Members of the Coalition for the Defence of Equal Citizenship (CODEC), organisers of the demonstration, did not understand why the NPP members would join a demonstration being organised against their own member.

Osafo Maafo is deemed to have questioned why Ghana's natural resources were spread in only five regions and yet the president leading the country is not from any of those regions.

The alleged comments by the former Finance Minister were captured in a recording and leaked to the media.

Osafo Maafo has since denied making the comments, saying his words had been distorted.

But CODEC is not convinced with the explanation. On Wednesday, hundreds of the aggrieved members hit the streets to condemn the comments.

The demonstrators carried placards some of which read "Osafo Maafo don't destroy Ghana", "Nana why the silence," "One people, one Ghana."

Things however turned a bit chaotic when the NPP members decided to join the demonstration at some point of the demonstration Joy News' Kwakye Afreh Nuamah reported.
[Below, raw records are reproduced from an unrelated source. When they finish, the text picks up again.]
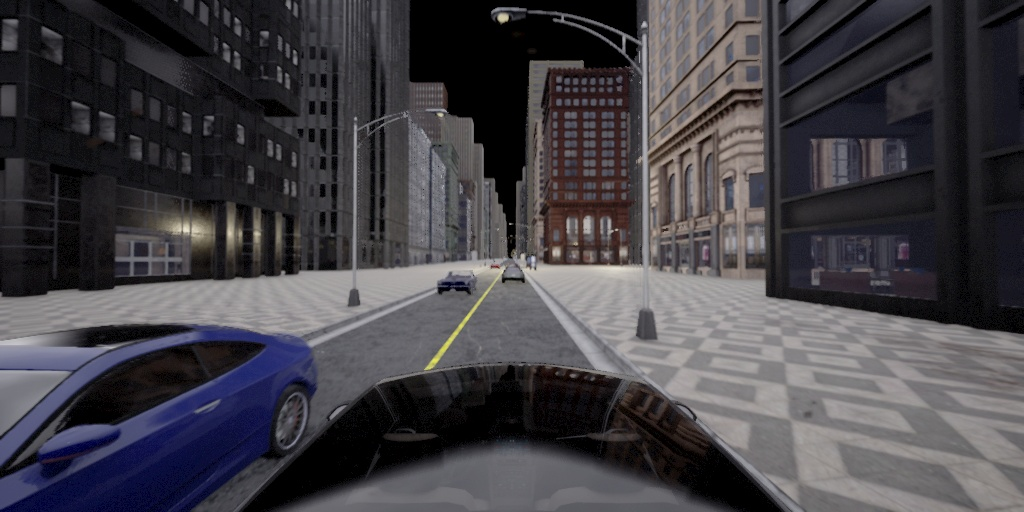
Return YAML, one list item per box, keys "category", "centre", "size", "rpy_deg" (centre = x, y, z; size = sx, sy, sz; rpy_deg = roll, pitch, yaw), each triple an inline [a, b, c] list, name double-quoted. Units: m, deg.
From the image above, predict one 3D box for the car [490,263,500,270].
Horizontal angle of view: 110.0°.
- category: "car"
  centre: [-3.002, 1.856, 64.726]
  size: [1.895, 1.301, 4.718]
  rpy_deg: [0, 0, 0]

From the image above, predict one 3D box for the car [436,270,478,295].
- category: "car"
  centre: [-3.102, 1.508, 21.054]
  size: [1.895, 1.301, 4.718]
  rpy_deg: [0, 0, 0]

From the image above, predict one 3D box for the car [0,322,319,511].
- category: "car"
  centre: [-3.108, 1.282, 2.362]
  size: [1.812, 1.442, 4.674]
  rpy_deg: [0, 0, -1]

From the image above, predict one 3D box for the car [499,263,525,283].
- category: "car"
  centre: [0.104, 1.549, 31.136]
  size: [1.994, 1.385, 4.181]
  rpy_deg: [0, 0, -1]

He said some of the demonstrators physically prevented the NPP members from joining the demonstration.

It took the intervention of some police personnel to restore peace.
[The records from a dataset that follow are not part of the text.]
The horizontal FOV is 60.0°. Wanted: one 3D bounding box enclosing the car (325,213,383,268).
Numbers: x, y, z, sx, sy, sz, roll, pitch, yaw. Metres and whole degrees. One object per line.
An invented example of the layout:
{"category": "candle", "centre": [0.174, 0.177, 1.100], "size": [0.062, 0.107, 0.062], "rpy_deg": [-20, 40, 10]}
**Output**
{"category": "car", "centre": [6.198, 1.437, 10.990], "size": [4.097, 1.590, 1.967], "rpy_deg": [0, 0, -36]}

The demonstrators then proceeded to the Hearts park in Accra where they were later addressed by Ministers of State, including Samuel Okudzeto Ablakwa.

But the NPP group then diverted their course to Joy FM to protest alleged assault on them by the demonstrators.

MP for Ablekuma West Ursula Owusu Ekuful told Myjoyonline.com they were fascinated by the call for one people, one nation and decided to join the demonstration but did not understand why they were hounded and assaulted, as if they were not Ghanaians.

"We are all Ghanaians. Our diversity makes us unique," she stated.

She said all ethnocentric comments, irrespective of who is making them must be condemned.

She cited a case in which the President is said to have asked Northerners to vote for him because he is a Northerner, a comment, Ursula Owusu thought was equally ethnocentric.